沉默的瞬間,有一個念頭閃電般出現在腦子裡。心跳漏了一拍,飛快捕捉住這一念頭。
原來自己也還是逃不過那些小女兒家的心思,千回百轉的心思化為繞指柔。再好強我也是希望能有個肩膀依靠的。能肆無忌憚的歡笑亦或是哭泣,能夠在靠在他的肩頭一起說說家常話,能夠在困難的時候有他分擔。在太久的時光裡,我已經習慣了一個人去承擔一切。
兩個人曾經的琴音相和在這樣的忙忙碌碌和距離裡變得遙不可及。
其實,很想在來年草長莺飛的時候,溫一壺熱茶,在家裡等着你回來,兩個人在一起做什麼都好的。
這樣想着,就說了出來。發現的時候已經來不及了,雖然他看不到,自己的臉绯紅。
他一開始隻是輕笑出聲,及至大笑,聲音清亮,直抒胸臆。
他說,“終于等到你心甘情願嫁給我。”
好像兩個人穿過了千年光陰,為着一段宿世姻緣。郎情妾意,君心如水,我所求——白首不相離。
含笑嗔道,“我一直是心甘情願的!”
我也是女人的,不要說女人小家子氣,不要說我沒有大志向。我所求隻是問心無愧,哪個女人沒有這樣最原始最簡單美好的夢想,和自己心愛的人在一起,有一個和美甜蜜的家,有一個可以停留的港灣,一個溫暖的臂彎為自己遮風擋雨。
在自己勞累的時候,希望他可以陪在身邊,即使不說什麼話,隻要他在就好;在自己受傷的時候,希望他能守護自己,哪怕不做什麼,隻要他在就是踏實安全的;在自己悲傷的時候,希望他能望着自己,為自己拭去眼淚,讓自己忘記所有的傷痛。
可以在燈光下靜靜地幸福微笑,在陽光裡牽手漫步,在清晨醒來第一眼看到的就是對方的容顔。

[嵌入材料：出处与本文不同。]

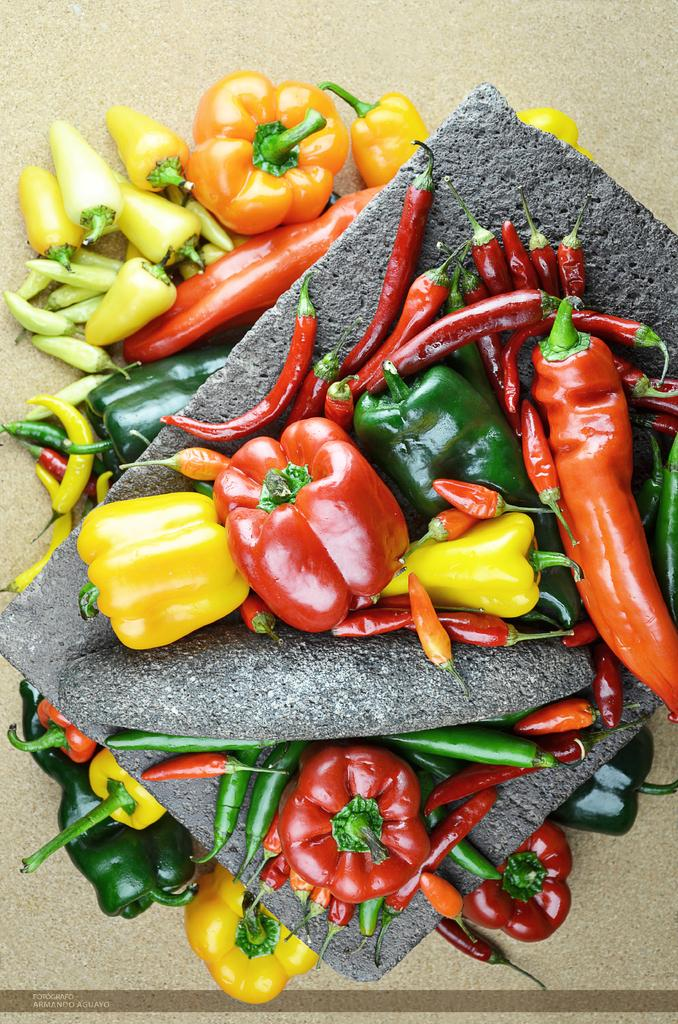What is located in the center of the image? There are stones in the center of the image. What type of food items can be seen in the image? There are red chilies, peppers, and other vegetables in the image. What force is being applied to the vegetables in the image? There is no force being applied to the vegetables in the image; they are simply present. 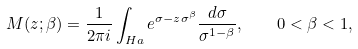Convert formula to latex. <formula><loc_0><loc_0><loc_500><loc_500>M ( z ; \beta ) = \frac { 1 } { 2 \pi i } \int _ { H a } e ^ { \sigma - z \sigma ^ { \beta } } \frac { d \sigma } { \sigma ^ { 1 - \beta } } , \quad 0 < \beta < 1 ,</formula> 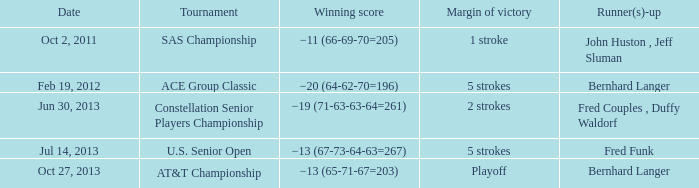Who is/are the second-place finisher(s) with a total score of -19 (71-63-63-64=261)? Fred Couples , Duffy Waldorf. 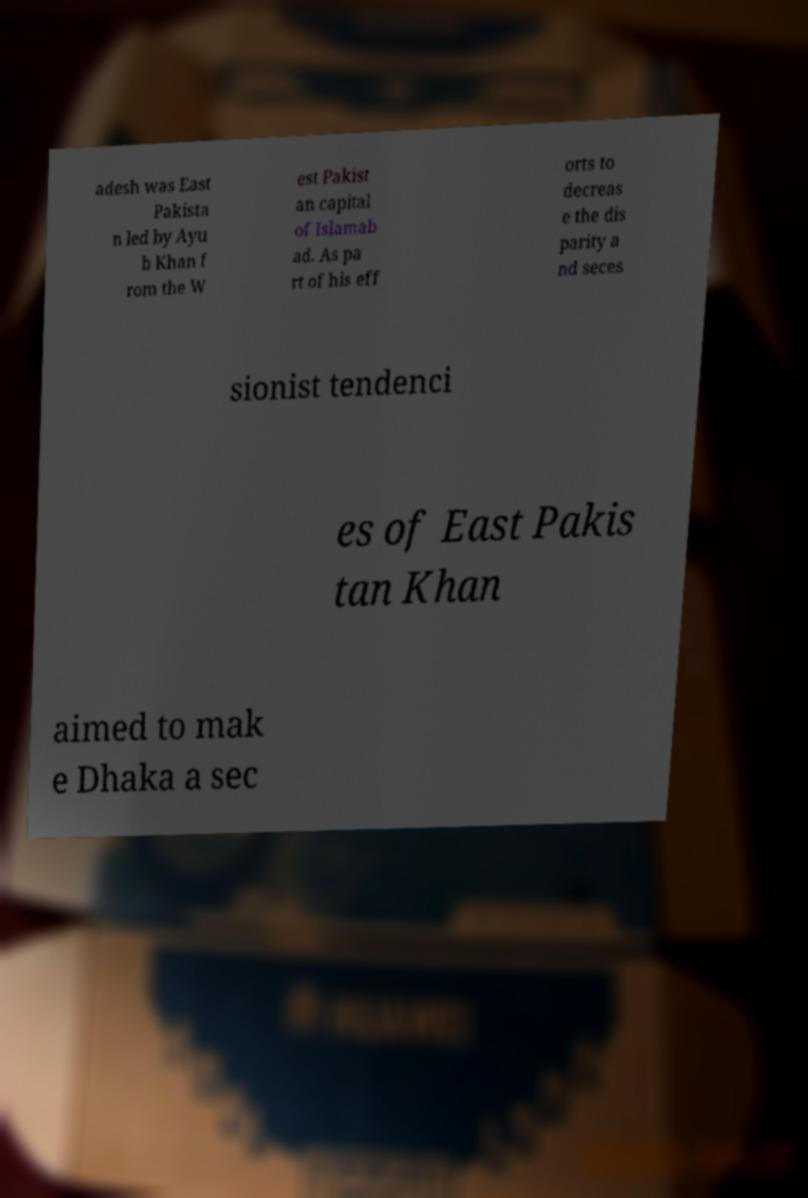Could you assist in decoding the text presented in this image and type it out clearly? adesh was East Pakista n led by Ayu b Khan f rom the W est Pakist an capital of Islamab ad. As pa rt of his eff orts to decreas e the dis parity a nd seces sionist tendenci es of East Pakis tan Khan aimed to mak e Dhaka a sec 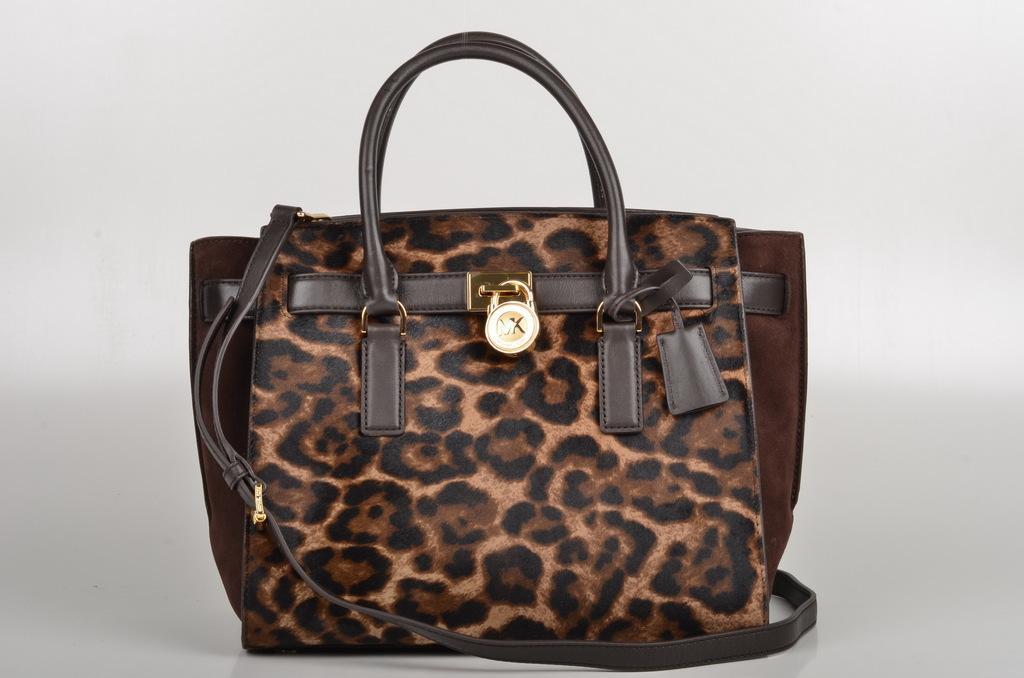Describe this image in one or two sentences. Here in the center we can see one bag which is in brown color. 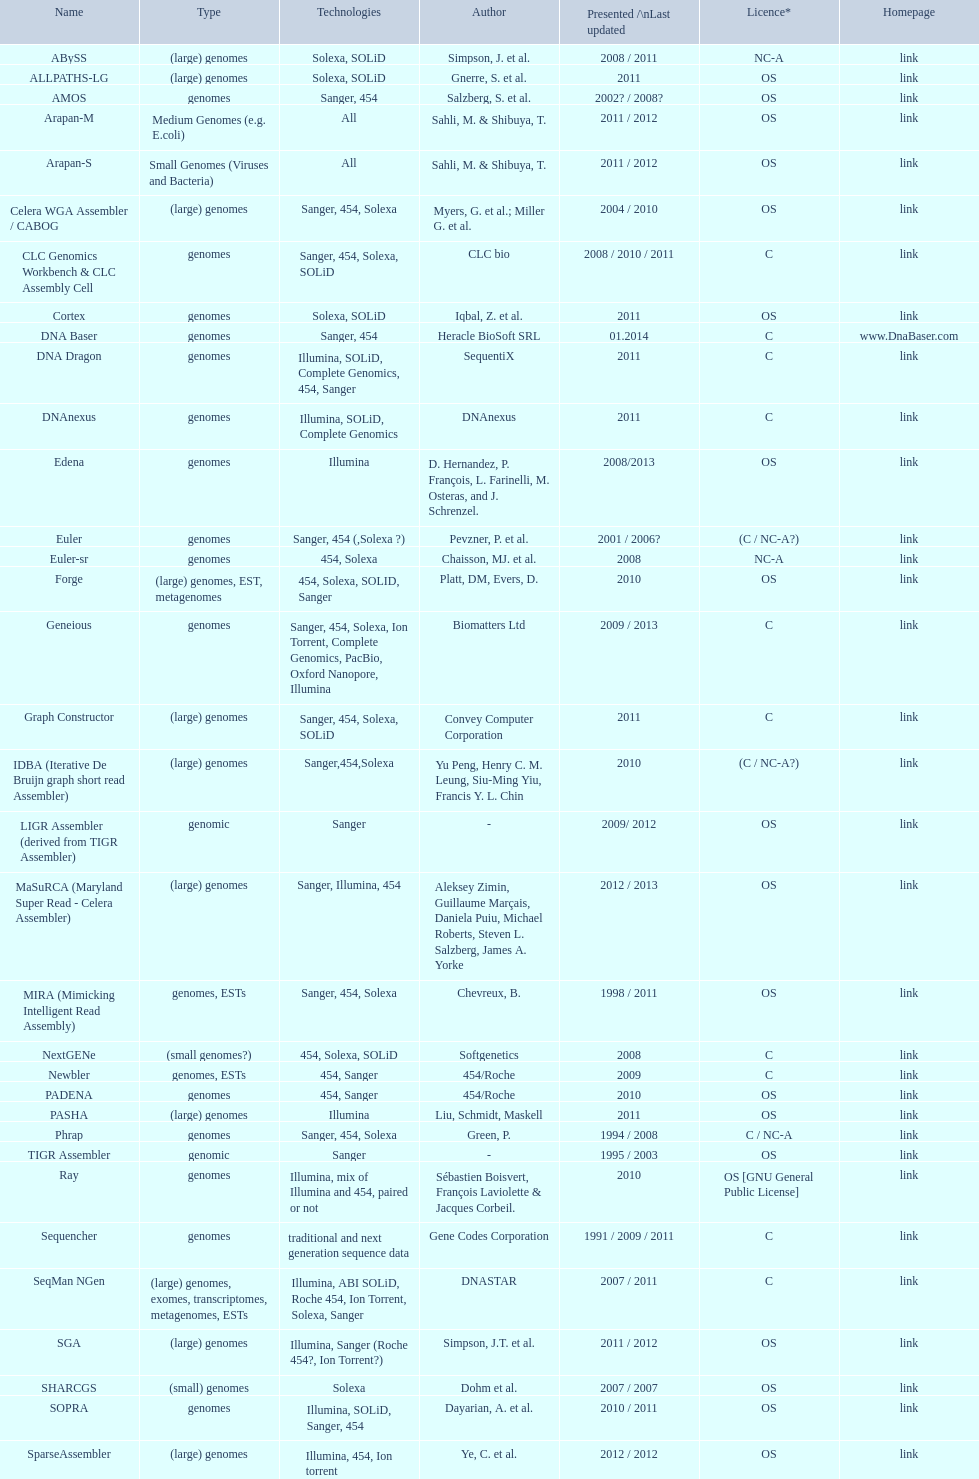How many are listed as "all" technologies? 2. 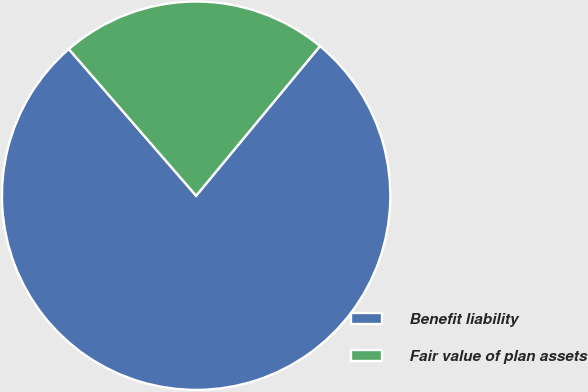Convert chart. <chart><loc_0><loc_0><loc_500><loc_500><pie_chart><fcel>Benefit liability<fcel>Fair value of plan assets<nl><fcel>77.62%<fcel>22.38%<nl></chart> 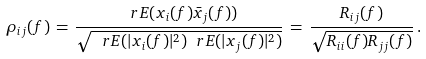<formula> <loc_0><loc_0><loc_500><loc_500>\rho _ { i j } ( f ) \, = \, \frac { \ r E ( x _ { i } ( f ) \bar { x } _ { j } ( f ) ) } { \sqrt { \ r E ( | x _ { i } ( f ) | ^ { 2 } ) \ r E ( | x _ { j } ( f ) | ^ { 2 } ) } } \, = \, \frac { R _ { i j } ( f ) } { \sqrt { R _ { i i } ( f ) R _ { j j } ( f ) } } \, .</formula> 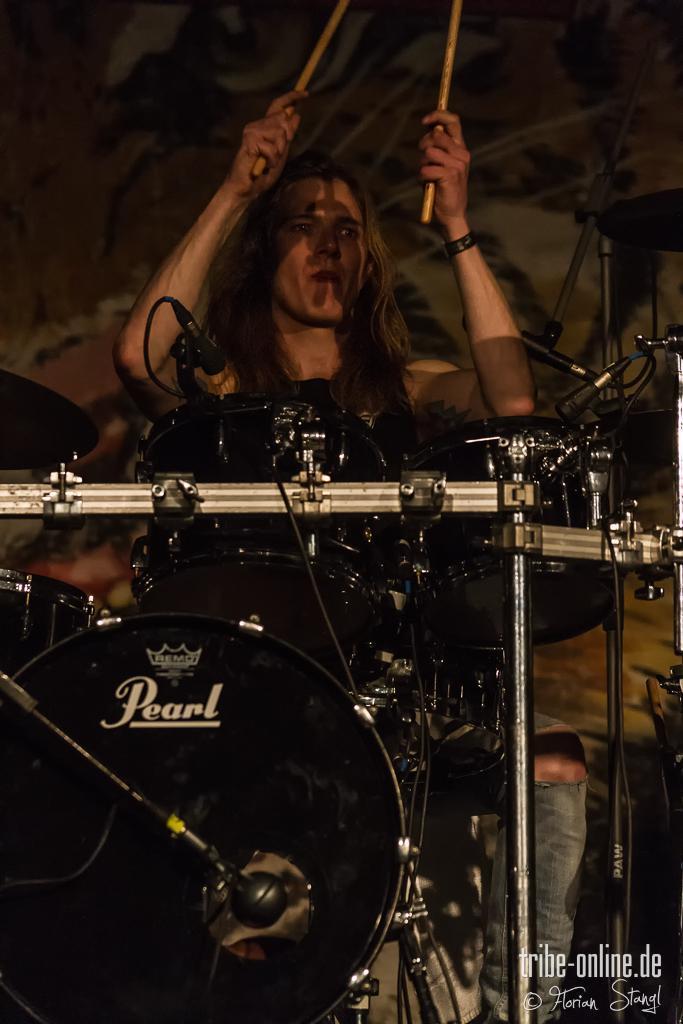Who is the main subject in the image? There is a woman in the image. Where is the woman located in the image? The woman is in the middle of the image. What is the woman holding in her hands? The woman is holding drumsticks in her hands. What musical instrument can be seen in the image? There is a snare drum musical instrument in the image. What type of berry is the woman holding in her hands? The woman is not holding a berry in her hands; she is holding drumsticks. Can you see any seeds in the image? There are no seeds visible in the image. 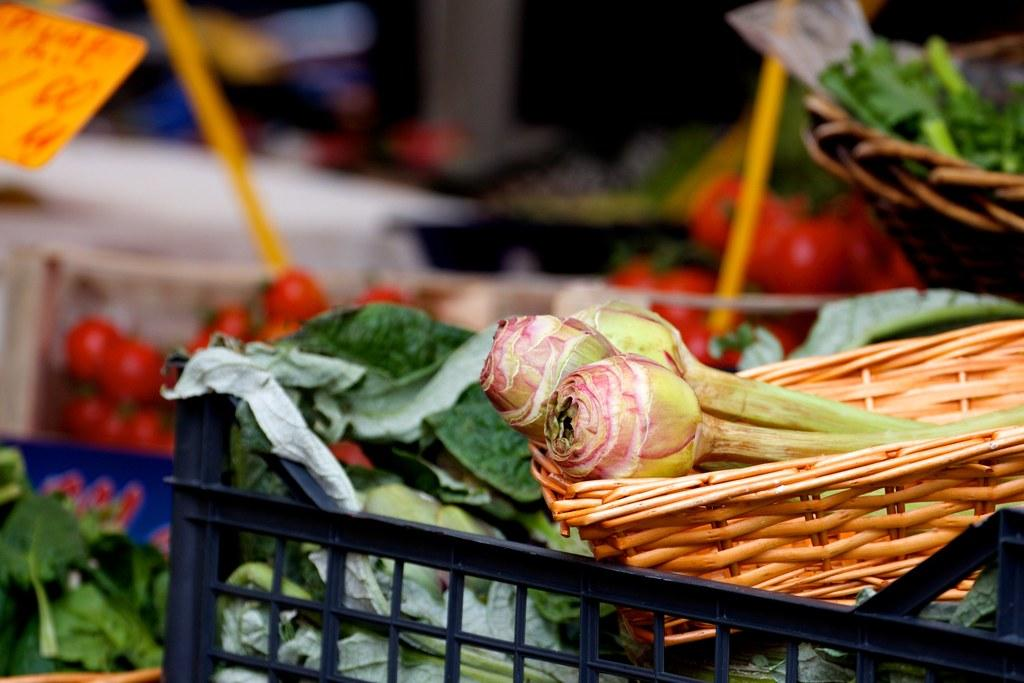What type of food items are present in the image? There are vegetables in the image. How are the vegetables organized in the image? The vegetables are arranged in baskets. Are there any identifiers for the vegetables in the image? Yes, there are labels associated with the baskets. Can you describe the background of the image? The background of the image is blurry. What type of engine can be seen powering the hand in the image? There is no engine or hand present in the image; it features vegetables arranged in baskets with labels. What brand of toothpaste is being advertised in the image? There is no toothpaste or advertisement present in the image; it features vegetables arranged in baskets with labels. 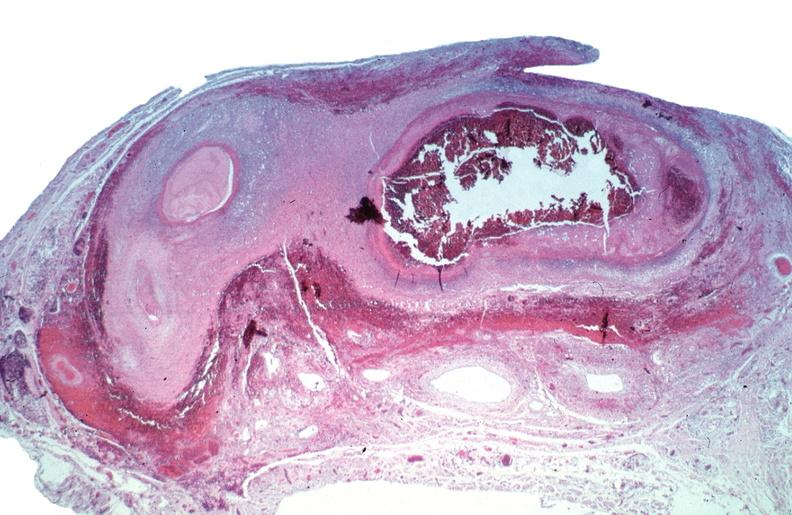does nodular tumor show vasculitis, polyarteritis nodosa?
Answer the question using a single word or phrase. No 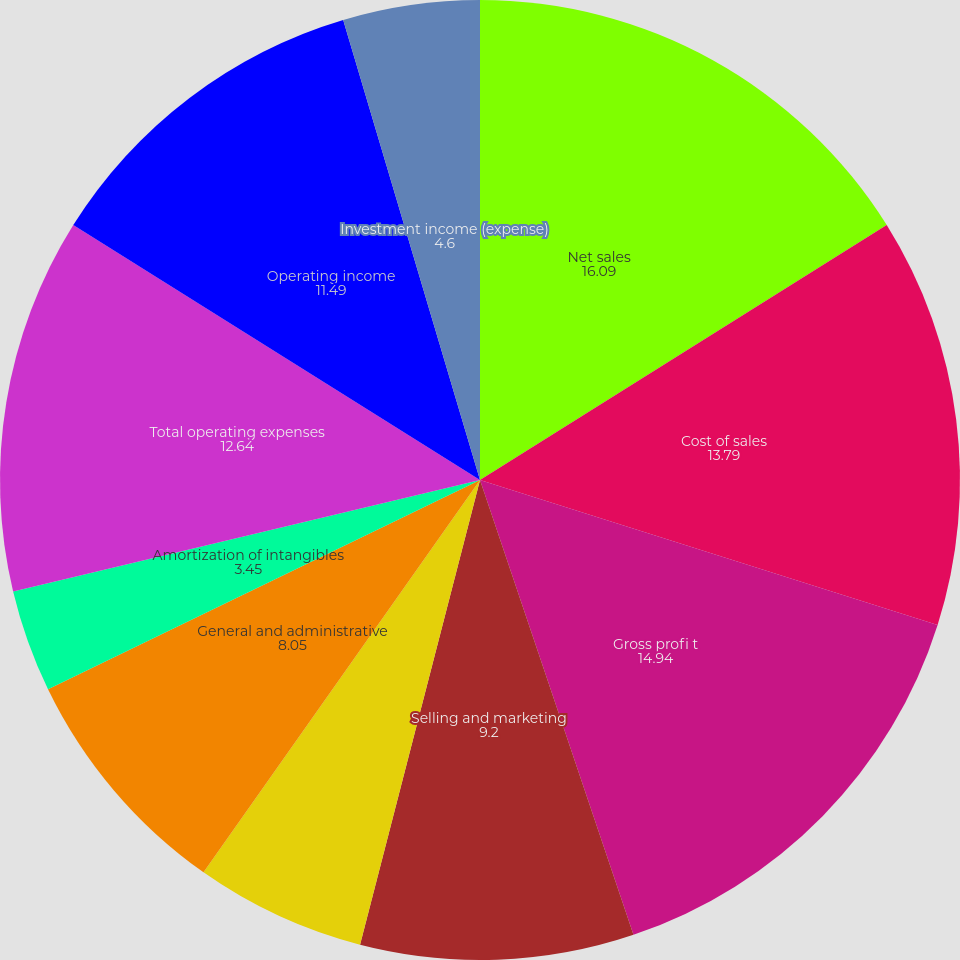Convert chart. <chart><loc_0><loc_0><loc_500><loc_500><pie_chart><fcel>Net sales<fcel>Cost of sales<fcel>Gross profi t<fcel>Selling and marketing<fcel>Research and engineering<fcel>General and administrative<fcel>Amortization of intangibles<fcel>Total operating expenses<fcel>Operating income<fcel>Investment income (expense)<nl><fcel>16.09%<fcel>13.79%<fcel>14.94%<fcel>9.2%<fcel>5.75%<fcel>8.05%<fcel>3.45%<fcel>12.64%<fcel>11.49%<fcel>4.6%<nl></chart>

深深刻在心底,久久凝望。
甜言蜜語——是對于幸福的渴求和願望。
初雪
冬天來了,春天就不遠了。
從安然那裡收到一個喜訊——她要做媽媽了。來年的秋天,應該就會有一個小寶寶了吧。她說,雨姗,我覺得我的生命從未如此完整過。
我走在街上,低眉淺笑,長發輕揚。冬日的風還是凜冽的,脖子上圍着厚厚的圍巾。
我在某家店明亮的櫥窗裡看見自己帶着疲憊憂傷的眼,輕巧地對開門旋入。也不知道流連了多久,戴着新買的帽子出來,已是華燈初上。聽說過換個發型,換一種裝扮,心情也會有所轉變。低低地在橘色燈光下走過。
銀色的奧迪車在自己身邊刹住車,車窗搖開,露出陸遠那張華麗的禍害萬年的臉。
“上車。”
坐到副駕駛座上,閉目仰靠着。
“你很累嗎?”重新發動了車,和我說着話。